Pope was also responsible, in 1988, for the controversial Channel 4 television series "The Groovy Fellers,'' which the Sunday Times described as being "the thing to subvert.'' In 1991 he directed a children's program, "Accidentally On Purpose,'' which was written by and starred Joie and Cinque Lee (Spikes brother and sister). The production, for Nickelodeon, also starred Iggy Pop and Screamin' Jay Hawkins.
In 1991, Pope set up the London-based Cowboy Films Limited with producer/ partner Lisa Bryer. In 1993 he directed his first short feature, Phone, which won awards at international festivals and was bought by Chris Blackwell of Island Pictures. Currently, the filmmaker has several projects in development.


DAVID S. GOYER (Writer)

THE CROW: CITY OF ANGELS, a native of Ann Arbor, Michigan, gradu-ated from the University of Southern California in 1988 with a degree in screenwriting. He subsequently wrote the 1990 Deran Sarafian-directed action/adventure feature Death Warrant, starring Jean-Claude Van Damme, and 1994 thriller The Puppet Masters. He has three features forthcoming, including Ghost Rider and Venom, is currently developing a science fiction series for ABC television, and is working with director Alex Proyas (The Crow) on his next film, Dark City. Somehow, David also found time to get married over the Christmas holidays.

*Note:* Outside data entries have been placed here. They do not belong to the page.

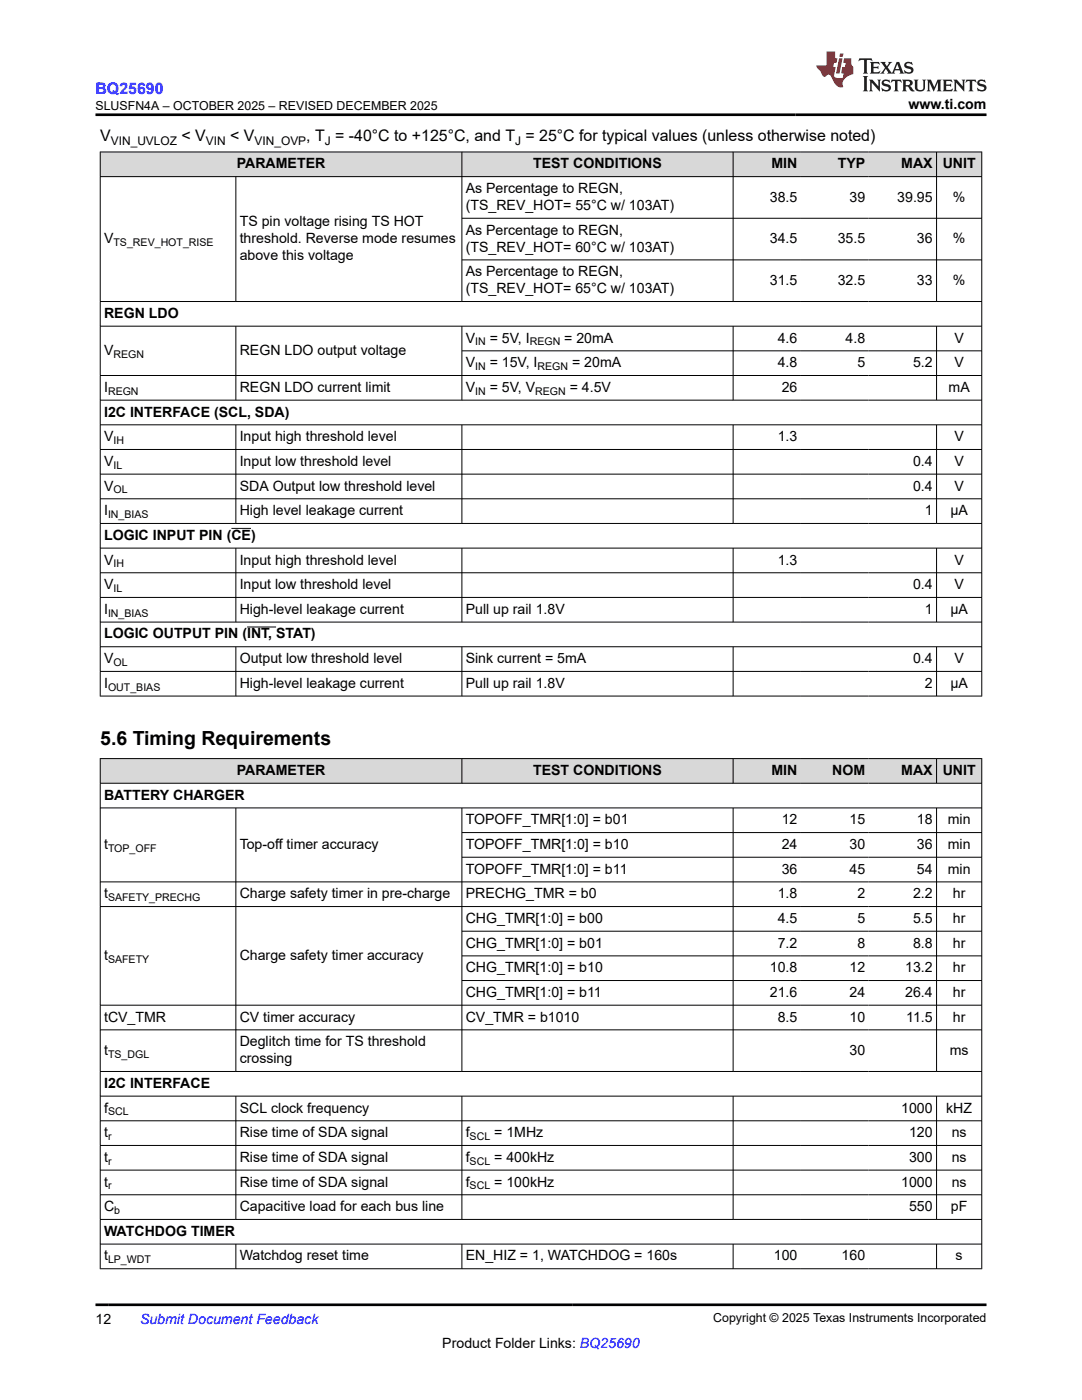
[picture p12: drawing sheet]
<svg xmlns="http://www.w3.org/2000/svg" width="216mm" height="279mm" viewBox="0 0 216 279" stroke-linecap="round" stroke-linejoin="round" font-family="sans-serif">
<defs><g id="words">
<text font-size="3.9" x="20" y="148.7">5.6 Timing Requirements</text>
<text font-size="3.2" fill="#00f" x="19" y="18.7">BQ25690</text>
<g font-size="3.2">
<text x="20" y="28.2">V</text>
<text x="36.2" y="28.2">&lt; V</text>
<text x="45.9" y="28.2">&lt; V</text>
<text x="61.1" y="28.2">, T = -40°C to +125°C, and T = 25°C for typical values (unless otherwise noted)</text>
</g>
<g font-size="2.8">
<text x="181.3" y="21.8">www.ti.com</text>
<text x="47.2" y="33.6">PARAMETER</text>
<text x="106.4" y="33.6">TEST CONDITIONS</text>
<text x="153.9" y="33.6">MIN</text>
<text x="167.2" y="33.6">TYP</text>
<text x="179.8" y="33.6">MAX</text>
<text x="188.1" y="33.6">UNIT</text>
<text x="92.9" y="38.5">As Percentage to REGN,</text>
<text x="92.9" y="41.9">(TS_REV_HOT= 55°C w/ 103AT)</text>
<text x="153.6" y="40.2">38.5</text>
<text x="169.5" y="40.2">39</text>
<text x="179" y="40.2">39.95</text>
<text x="190.1" y="40.2">%</text>
<text x="47.8" y="45.1">TS pin voltage rising TS HOT</text>
<text x="92.9" y="46.8">As Percentage to REGN,</text>
<text x="20.8" y="48.5">V</text>
<text x="47.8" y="48.5">threshold. Reverse mode resumes</text>
<text x="47.8" y="51.9">above this voltage</text>
<text x="92.9" y="50.2">(TS_REV_HOT= 60°C w/ 103AT)</text>
<text x="153.6" y="48.5">34.5</text>
<text x="167.1" y="48.5">35.5</text>
<text x="183" y="48.5">36</text>
<text x="190.1" y="48.5">%</text>
<text x="92.9" y="55.1">As Percentage to REGN,</text>
<text x="92.9" y="58.5">(TS_REV_HOT= 65°C w/ 103AT)</text>
<text x="153.6" y="56.8">31.5</text>
<text x="167.1" y="56.8">32.5</text>
<text x="183" y="56.8">33</text>
<text x="190.1" y="56.8">%</text>
<text x="20.8" y="63.4">REGN LDO</text>
<text x="20.8" y="70.8">V</text>
<text x="47.8" y="70.8">REGN LDO output voltage</text>
<text x="92.9" y="68.4">V</text>
<text x="97.7" y="68.4">= 5V, I</text>
<text x="112.6" y="68.4">= 20mA</text>
<text x="155.2" y="68.4">4.6</text>
<text x="168.7" y="68.4">4.8</text>
<text x="190.4" y="68.4">V</text>
<text x="92.9" y="73.3">V</text>
<text x="97.7" y="73.3">= 15V, I</text>
<text x="114.2" y="73.3">= 20mA</text>
<text x="155.2" y="73.3">4.8</text>
<text x="171.1" y="73.3">5</text>
<text x="182.2" y="73.3">5.2</text>
<text x="190.4" y="73.3">V</text>
<text x="20.8" y="78.2">I</text>
<text x="20.8" y="83.1">I2C INTERFACE (SCL, SDA)</text>
<text x="47.8" y="78.2">REGN LDO current limit</text>
<text x="92.9" y="78.2">V</text>
<text x="97.7" y="78.2">= 5V, V</text>
<text x="113.7" y="78.2">= 4.5V</text>
<text x="156" y="78.2">26</text>
<text x="189.3" y="78.2">mA</text>
<text x="20.8" y="88.1">V</text>
<text x="47.8" y="88.1">Input high threshold level</text>
<text x="155.2" y="88.1">1.3</text>
<text x="190.4" y="88.1">V</text>
<text x="20.8" y="93">V</text>
<text x="47.8" y="93">Input low threshold level</text>
<text x="182.2" y="93">0.4</text>
<text x="190.4" y="93">V</text>
<text x="20.8" y="97.9">V</text>
<text x="47.8" y="97.9">SDA Output low threshold level</text>
<text x="182.2" y="97.9">0.4</text>
<text x="190.4" y="97.9">V</text>
<text x="20.8" y="102.8">I</text>
<text x="20.8" y="107.7">LOGIC INPUT PIN (CE)</text>
<text x="47.8" y="102.8">High level leakage current</text>
<text x="184.5" y="102.8">1</text>
<text x="189.6" y="102.8">µA</text>
<text x="20.8" y="112.7">V</text>
<text x="47.8" y="112.7">Input high threshold level</text>
<text x="155.2" y="112.7">1.3</text>
<text x="190.4" y="112.7">V</text>
<text x="20.8" y="117.6">V</text>
<text x="47.8" y="117.6">Input low threshold level</text>
<text x="182.2" y="117.6">0.4</text>
<text x="190.4" y="117.6">V</text>
<text x="20.8" y="122.5">I</text>
<text x="47.8" y="122.5">High-level leakage current</text>
<text x="92.9" y="122.5">Pull up rail 1.8V</text>
<text x="184.5" y="122.5">1</text>
<text x="189.6" y="122.5">µA</text>
<text x="20.8" y="127.4">LOGIC OUTPUT PIN (INT, STAT)</text>
<text x="20.8" y="132.3">V</text>
<text x="20.8" y="137.3">I</text>
<text x="47.8" y="132.3">Output low threshold level</text>
<text x="47.8" y="137.3">High-level leakage current</text>
<text x="92.9" y="132.3">Sink current = 5mA</text>
<text x="92.9" y="137.3">Pull up rail 1.8V</text>
<text x="182.2" y="132.3">0.4</text>
<text x="184.5" y="137.3">2</text>
<text x="189.6" y="137.3">µA</text>
<text x="190.4" y="132.3">V</text>
<text x="47.2" y="154.7">PARAMETER</text>
<text x="106.4" y="154.7">TEST CONDITIONS</text>
<text x="153.9" y="154.7">MIN</text>
<text x="166.1" y="154.7">NOM</text>
<text x="179.8" y="154.7">MAX</text>
<text x="188.1" y="154.7">UNIT</text>
<text x="20.8" y="159.6">BATTERY CHARGER</text>
<text x="92.9" y="164.5">TOPOFF_TMR[1:0] = b01</text>
<text x="156" y="164.5">12</text>
<text x="169.5" y="164.5">15</text>
<text x="183" y="164.5">18</text>
<text x="189.1" y="164.5">min</text>
<text x="20.8" y="169.4">t</text>
<text x="47.8" y="169.4">Top-off timer accuracy</text>
<text x="92.9" y="169.4">TOPOFF_TMR[1:0] = b10</text>
<text x="156" y="169.4">24</text>
<text x="169.5" y="169.4">30</text>
<text x="183" y="169.4">36</text>
<text x="189.1" y="169.4">min</text>
<text x="20.8" y="179.3">t</text>
<text x="47.8" y="179.3">Charge safety timer in pre-charge</text>
<text x="92.9" y="174.4">TOPOFF_TMR[1:0] = b11</text>
<text x="92.9" y="179.3">PRECHG_TMR = b0</text>
<text x="155.2" y="179.3">1.8</text>
<text x="156" y="174.4">36</text>
<text x="169.5" y="174.4">45</text>
<text x="171.1" y="179.3">2</text>
<text x="182.2" y="179.3">2.2</text>
<text x="183" y="174.4">54</text>
<text x="189.1" y="174.4">min</text>
<text x="190.1" y="179.3">hr</text>
<text x="92.9" y="184.2">CHG_TMR[1:0] = b00</text>
<text x="155.2" y="184.2">4.5</text>
<text x="171.1" y="184.2">5</text>
<text x="182.2" y="184.2">5.5</text>
<text x="190.1" y="184.2">hr</text>
<text x="20.8" y="191.6">t</text>
<text x="47.8" y="191.6">Charge safety timer accuracy</text>
<text x="92.9" y="189.1">CHG_TMR[1:0] = b01</text>
<text x="155.2" y="189.1">7.2</text>
<text x="171.1" y="189.1">8</text>
<text x="182.2" y="189.1">8.8</text>
<text x="190.1" y="189.1">hr</text>
<text x="92.9" y="194">CHG_TMR[1:0] = b10</text>
<text x="153.6" y="194">10.8</text>
<text x="169.5" y="194">12</text>
<text x="180.6" y="194">13.2</text>
<text x="190.1" y="194">hr</text>
<text x="20.8" y="203.9">tCV_TMR</text>
<text x="47.8" y="203.9">CV timer accuracy</text>
<text x="92.9" y="199">CHG_TMR[1:0] = b11</text>
<text x="92.9" y="203.9">CV_TMR = b1010</text>
<text x="153.6" y="199">21.6</text>
<text x="155.2" y="203.9">8.5</text>
<text x="169.5" y="199">24</text>
<text x="169.5" y="203.9">10</text>
<text x="180.6" y="199">26.4</text>
<text x="180.8" y="203.9">11.5</text>
<text x="190.1" y="199">hr</text>
<text x="190.1" y="203.9">hr</text>
<text x="47.8" y="208.8">Deglitch time for TS threshold</text>
<text x="20.8" y="210.5">t</text>
<text x="47.8" y="212.2">crossing</text>
<text x="169.5" y="210.5">30</text>
<text x="189.5" y="210.5">ms</text>
<text x="20.8" y="217.1">I2C INTERFACE</text>
<text x="20.8" y="222">f</text>
<text x="20.8" y="227">t</text>
<text x="47.8" y="222">SCL clock frequency</text>
<text x="47.8" y="227">Rise time of SDA signal</text>
<text x="92.9" y="227">f</text>
<text x="98.6" y="227">= 1MHz</text>
<text x="179.8" y="222">1000</text>
<text x="181.4" y="227">120</text>
<text x="188.8" y="222">kHZ</text>
<text x="189.9" y="227">ns</text>
<text x="20.8" y="231.9">t</text>
<text x="47.8" y="231.9">Rise time of SDA signal</text>
<text x="92.9" y="231.9">f</text>
<text x="98.6" y="231.9">= 400kHz</text>
<text x="181.4" y="231.9">300</text>
<text x="189.9" y="231.9">ns</text>
<text x="20.8" y="236.8">t</text>
<text x="47.8" y="236.8">Rise time of SDA signal</text>
<text x="92.9" y="236.8">f</text>
<text x="98.6" y="236.8">= 100kHz</text>
<text x="179.8" y="236.8">1000</text>
<text x="189.9" y="236.8">ns</text>
<text x="20.8" y="241.7">C</text>
<text x="47.8" y="241.7">Capacitive load for each bus line</text>
<text x="181.4" y="241.7">550</text>
<text x="189.7" y="241.7">pF</text>
<text x="20.8" y="246.6">WATCHDOG TIMER</text>
<text x="20.8" y="251.6">t</text>
<text x="47.8" y="251.6">Watchdog reset time</text>
<text x="92.9" y="251.6">EN_HIZ = 1, WATCHDOG = 160s</text>
<text x="154.4" y="251.6">100</text>
<text x="167.9" y="251.6">160</text>
<text x="190.7" y="251.6">s</text>
<text x="19" y="264.2">12</text>
<text x="88.3" y="269">Product Folder Links: BQ25690</text>
</g>
<text font-size="2.8" fill="#00f" x="27.9" y="264.2">Submit Document Feedback</text>
<g font-size="2.5">
<text x="19" y="21.9">SLUSFN4A – OCTOBER 2025 – REVISED DECEMBER 2025</text>
<text x="142.3" y="263.9">Copyright © 2025 Texas Instruments Incorporated</text>
</g>
<g font-size="2.4">
<text x="22.1" y="28.9">VIN_UVLOZ</text>
<text x="41.1" y="28.9">VIN</text>
<text x="50.8" y="28.9">VIN_OVP</text>
<text x="64.8" y="28.9">J</text>
<text x="102.8" y="28.9">J</text>
</g>
<g font-size="2.1">
<text x="22.6" y="49.1">TS_REV_HOT_RISE</text>
<text x="22.6" y="71.4">REGN</text>
<text x="94.8" y="68.9">IN</text>
<text x="105.7" y="68.9">REGN</text>
<text x="94.8" y="73.9">IN</text>
<text x="107.3" y="73.9">REGN</text>
<text x="21.6" y="78.8">REGN</text>
<text x="94.8" y="78.8">IN</text>
<text x="106.8" y="78.8">REGN</text>
<text x="22.6" y="88.6">IH</text>
<text x="22.6" y="93.5">IL</text>
<text x="22.6" y="98.5">OL</text>
<text x="21.6" y="103.4">IN_BIAS</text>
<text x="22.6" y="113.2">IH</text>
<text x="22.6" y="118.1">IL</text>
<text x="21.6" y="123.1">IN_BIAS</text>
<text x="21.6" y="137.8">OUT_BIAS</text>
<text x="22.6" y="132.9">OL</text>
<text x="21.6" y="170">TOP_OFF</text>
<text x="21.6" y="179.8">SAFETY_PRECHG</text>
<text x="21.6" y="192.1">SAFETY</text>
<text x="21.6" y="211.1">TS_DGL</text>
<text x="21.6" y="222.6">SCL</text>
<text x="21.6" y="227.5">r</text>
<text x="93.7" y="227.5">SCL</text>
<text x="21.6" y="232.4">r</text>
<text x="93.7" y="232.4">SCL</text>
<text x="21.6" y="237.4">r</text>
<text x="93.7" y="237.4">SCL</text>
<text x="22.8" y="242.3">b</text>
<text x="21.6" y="252.1">LP_WDT</text>
</g>
</g></defs>
<g fill="#d8d8d8">
<path d="M20 30.3h175.9v5h-175.9z" fill-rule="evenodd"/>
<path d="M20.1 30.4h72v4.8h-72z" fill-rule="evenodd"/>
<path d="M92.2 30.4h54v4.8h-54z" fill-rule="evenodd"/>
<path d="M146.3 30.4h13.5v4.8h-13.5z" fill-rule="evenodd"/>
<path d="M159.8 30.4h13.5v4.8h-13.5z" fill-rule="evenodd"/>
<path d="M173.3 30.4h13.5v4.8h-13.5z" fill-rule="evenodd"/>
<path d="M186.9 30.4h8.9v4.8h-8.9z" fill-rule="evenodd"/>
</g>
<g fill="none" stroke="#000" stroke-width=".2">
<path d="M19.9 30.3h176.1M19.9 35.3h176.1M20 30.3v108.7M47.1 35.3v24.9M92.2 30.3v29.9M146.3 30.3v29.9M186.9 30.3v29.9M195.9 30.3v108.7M92.2 43.6h103.8M92.2 51.9h103.8M19.9 60.2h176.1M19.9 65.1h176.1"/>
<path d="M19.9 79.9h176.1M47.1 65.1v14.8M92.2 65.1v14.8M92.2 70h103.8M146.3 65.1v14.8M186.9 65.1v14.8M196 74.9h-176.1M19.9 84.8h176.1M19.9 89.7h176.1M19.9 94.6h176.1M19.9 99.5h176.1M47.1 84.8v19.7"/>
<path d="M92.2 84.8v19.7M146.3 84.8v19.7M186.9 84.8v19.7M19.9 104.5h176.1M19.9 109.4h176.1M19.9 114.3h176.1M19.9 119.2h176.1M46.2 105.4h3.9M47.1 109.4v14.8M92.2 109.4v14.8M146.3 109.4v14.8M186.9 109.4v14.8"/>
<path d="M19.9 124.2h176.1M19.9 129.1h176.1M19.9 134h176.1M19.9 138.9h176.1M47.1 129.1v9.9M49.3 125.1h5.8M92.2 129.1v9.9M146.3 129.1v9.9M186.9 129.1v9.9"/>
</g>
<g fill="#d8d8d8">
<path d="M20 151.4h175.9v4.9h-175.9z" fill-rule="evenodd"/>
<path d="M20.1 151.5h72v4.8h-72z" fill-rule="evenodd"/>
<path d="M92.2 151.5h54v4.8h-54z" fill-rule="evenodd"/>
<path d="M146.3 151.5h13.5v4.8h-13.5z" fill-rule="evenodd"/>
<path d="M159.8 151.5h13.5v4.8h-13.5z" fill-rule="evenodd"/>
<path d="M173.3 151.5h13.5v4.8h-13.5z" fill-rule="evenodd"/>
<path d="M186.9 151.5h8.9v4.8h-8.9z" fill-rule="evenodd"/>
</g>
<g fill="none" stroke="#000" stroke-width=".2">
<path d="M19.9 151.4h176.1M19.9 156.3h176.1M20 151.3v102M92.2 151.3v5.1M146.3 151.3v5.1M186.9 151.3v5.1M195.9 151.3v102M19.9 161.2h176.1M47.1 161.2v52.7M92.2 161.2v52.7M92.2 166.2h103.8M92.2 171.1h103.8"/>
<path d="M146.3 161.2v52.7M186.9 161.2v52.7M196 176h-176.1M19.9 180.9h176.1M92.2 185.8h103.8M92.2 190.8h103.8M92.2 195.7h103.8M19.9 200.6h176.1M19.9 205.5h176.1M19.9 213.8h176.1M19.9 218.8h176.1M47.1 218.8v24.6"/>
<path d="M92.2 218.8v24.6M146.3 218.8v24.6M186.9 218.8v24.6M19.9 223.7h176.1M19.9 228.6h176.1M19.9 233.5h176.1M19.9 238.4h176.1M19.9 243.4h176.1M19.9 248.3h176.1M19.9 253.2h176.1M47.1 248.3v5M92.2 248.3v5"/>
<path d="M146.3 248.3v5M186.9 248.3v5"/>
</g>
<path d="M171.5 11.6l-.2 .6 .5-.2h.6v.1v2.2l-.2 .4h1l-.2-.4v-2.2v-.1h.5l.6 .2-.2-.6zM173.6 12.4l.2 .3v1.6l-.2 .4h1.9l.1-.6a1.08 1.08 0 0 1-1.3 .2v-.7h.6l.4 .2v-.7l-.4 .2h-.6v-.5l.2-.2a1 1 0 0 1 1 .3l-.1-.5zM175.7 12.4l.9 1.1-1 1.2h.9l-.2-.2 .5-.8 .4 .8-.2 .2h1.6l-.2-.2 .2-.5h.9l.1 .5-.1 .2h.9l-.2-.4-.8-1.9h-.5l-.9 2.1-.9-1.1 .9-1h-.8l.2 .2-.4 .6-.4-.6 .2-.2zM179 12.8l.4 1h-.7zM180.7 12.5a.65 .65 0 0 0-.2 .7 .65 .65 0 0 0 .6 .5l.6 .1 .1 .3a.79 .79 0 0 1-.7 .4 .79 .79 0 0 1-.7-.5l.1 .7 .2-.1a.93 .93 0 0 0 1.1 0 .93 .93 0 0 0 .4-.9 1.46 1.46 0 0 0-1.2-.6l-.1-.3a1.09 1.09 0 0 1 1.2 .2l-.2-.6-.1 .1-.5-.2zM172.2 15.2l.2 .4v2.2l-.2 .4h1l-.2-.4v-2.2l.2-.4zM173.4 15.9l.2 .4v1.5l-.2 .4h.8l-.3-.4 .1-1.3 1.6 1.8v-2l.2-.4h-.7l.1 .2 .1 1.1-1.2-1.3zM176.2 16a.65 .65 0 0 0-.2 .8 .65 .65 0 0 0 .6 .4l.6 .2 .1 .2a.79 .79 0 0 1-.7 .4 .79 .79 0 0 1-.7-.5l.1 .7 .2-.1a.93 .93 0 0 0 1.1 .1 .93 .93 0 0 0 .4-1 1.46 1.46 0 0 0-1.2-.5l-.1-.4a1.09 1.09 0 0 1 1.2 .2l-.1-.6-.2 .1-.5-.1zM177.9 15.9l-.1 .6a.63 .63 0 0 1 .8-.3v1.6l-.3 .4h1l-.2-.4v-1.6a.66 .66 0 0 1 .8 .3l-.1-.6zM180 15.9l.2 .4v1.5l-.2 .4h1l-.2-.2-.1-.7h.5l.1 .2a.79 .79 0 0 0 1.2 .6l-1-.9a.61 .61 0 0 0 .6-.6 .61 .61 0 0 0-.5-.7zM180.8 16.2h.1a.47 .47 0 0 1 .5 .1 .47 .47 0 0 1 .1 .5l-.1 .1-.7 .1zM182.3 15.9l.2 .2a2.27 2.27 0 0 0 .4 2 1.04 1.04 0 0 0 1.7-.7v-1.3l.2-.2h-.8l.2 .4v1.1a.6 .6 0 0 1-.6 .6 .6 .6 0 0 1-.6-.6v-1.1l.3-.4zM184.9 15.9l.2 .4v1.5l-.2 .4h.8l-.3-.4v-1.4l.9 1.9 .9-1.9v1.4l-.3 .4h1l-.2-.4v-1.5l.2-.4h-.8l-.7 1.5-.6-1.5zM188.1 15.9l.2 .4v1.5l-.2 .4h1.9l.1-.6a1.09 1.09 0 0 1-1.3 .2v-.7h.6l.4 .2v-.6l-.4 .2h-.6v-.6l.2-.1a1.01 1.01 0 0 1 1 .3l-.1-.6zM190.2 15.9l.3 .4v1.5l-.3 .4h.8l-.2-.4v-1.3l1.6 1.8v-2l.2-.4h-.7l.2 .2v1.1l-1.2-1.3zM192.8 15.9l-.1 .6a.63 .63 0 0 1 .8-.3v1.6l-.3 .4h1l-.2-.4v-1.6a.66 .66 0 0 1 .8 .3l-.1-.6zM195.2 16a.65 .65 0 0 0-.2 .8 .65 .65 0 0 0 .6 .4l.6 .2 .2 .2a.79 .79 0 0 1-.7 .4 .79 .79 0 0 1-.7-.5l.1 .7 .2-.1a.93 .93 0 0 0 1 .1 .93 .93 0 0 0 .5-1 1.46 1.46 0 0 0-1.3-.5v-.4a1.09 1.09 0 0 1 1.2 .2l-.2-.6-.2 .1-.5-.1z" fill="#231f20"/>
<path d="M164.9 10.3v2.7h-2l.1 .4 .8 1a.95 .95 0 0 0 1 .9 .59 .59 0 0 1 .5-.4 .59 .59 0 0 1 .5 .3l.4 .8a1.59 1.59 0 0 0 2.1 1.4 1.61 1.61 0 0 1 1-2.3l1-.3-.1-1.5a1.59 1.59 0 0 1-.3-1.7h-1.5l-.2 .9h.6l-.2 .9h-.5l-.2 .9v.3l.4 .1-.1 .9h-.7a.73 .73 0 0 1-1-.7l.3-1.5h-.5l.1-.9h.5l.2-.9h-.5v-1.3zM167.4 11.6l-.6 3.1h.7l.6-3.1zM167.6 10.7l-.1 .6h.7l.1-.6z" fill="#ed1c24"/>
<path d="M19 22.9h177.8M19 260.4h177.8" fill="none" stroke="#000" stroke-width=".53"/>
<use href="#words"/>
</svg>

EDWARD R. PRESSMAN (Producer)

THE CROW & CITY OF ANGELS has been one of the most suc-cessful and respected independent film producers in the last quarter century, with more than 40 diverse motion pictures to his credit. A New York native and graduate of Stanford University, Pressman's first film producer credits were Out of It, The Revolutionary, and Dealing (all directed by Paul Williams). In 1973, Pressman produced Terence Malick's acclaimed Badlands and Brian DePalma's breakthrough feature, Sisters. The following year, Pressman produced DePalma's Phantom of the Paradise.
Many other directors have gotten their first shot at filmmaking with Pressman, including Sylvester Stallone (Paradise Alley), Oliver Stone (The Hand), David Mamet (Homicide), and David Byrne (True Stories). Foreign directors such as Rainer Werner Fassbinder (Despair), Wolfgang Peterson (Das Boot), Fred Schepisi (Plenty), and Taviani Brothers (Good Morning Babylon) have had Pressman as their producer.
Pressman's producing credits also include John Milius' Conan the Barbarian, Oliver Stone's Wall Street, Danny Devito's Hoffa, Abel Ferrara's Bad Lieutenant, Kathyrn Bigelow's Blue Steel, Mark Frost's Storyville, Sam Raimi's Crimewave, Bob Swaim's Half Moon Street, Alex Cox's Walker, Chris Monger's Waiting for the Light, John Frankenheimer's Year of the Gun, John Byrum's Heartbeat, and Joan Tewkesbury's Old Boyfriends.
Recent releases include last summer's futuristic thriller, Judge Dredd, starring Sylvester Stallone; the hugely successful release The Crow, which grossed more than $100 million worldwide; and Street Fighter, the explosive action-drama starring Jean-Claude Van Damme and the late Raul Julia, which also grossed over $100 million.
Among the honors Pressman has received are the John Cassavetes Award for Independent Feature Project West in 1991 and the Chevalier des Arts et Lettres medal in 1989. He was named the best producer of the 1980s in an American Film poll of 54 of the nation's top critics, and has been honored with retrospectives at New York's Museum of Modern Art, the Pacific Film Archive in Berkeley, the Walker Art Center in Minneapolis and the National Film Theater in London.
Forthcoming from Pressman is City Hall, directed by Harold Becker and starring Al Pacino, John Cusack, Bridget Fonda and Martin Landau; and an up-dated version of The Island of Dr. Moreau, currently in post-production, directed by John Frankenheimer and starring Marlon Brando and Val Kilmer.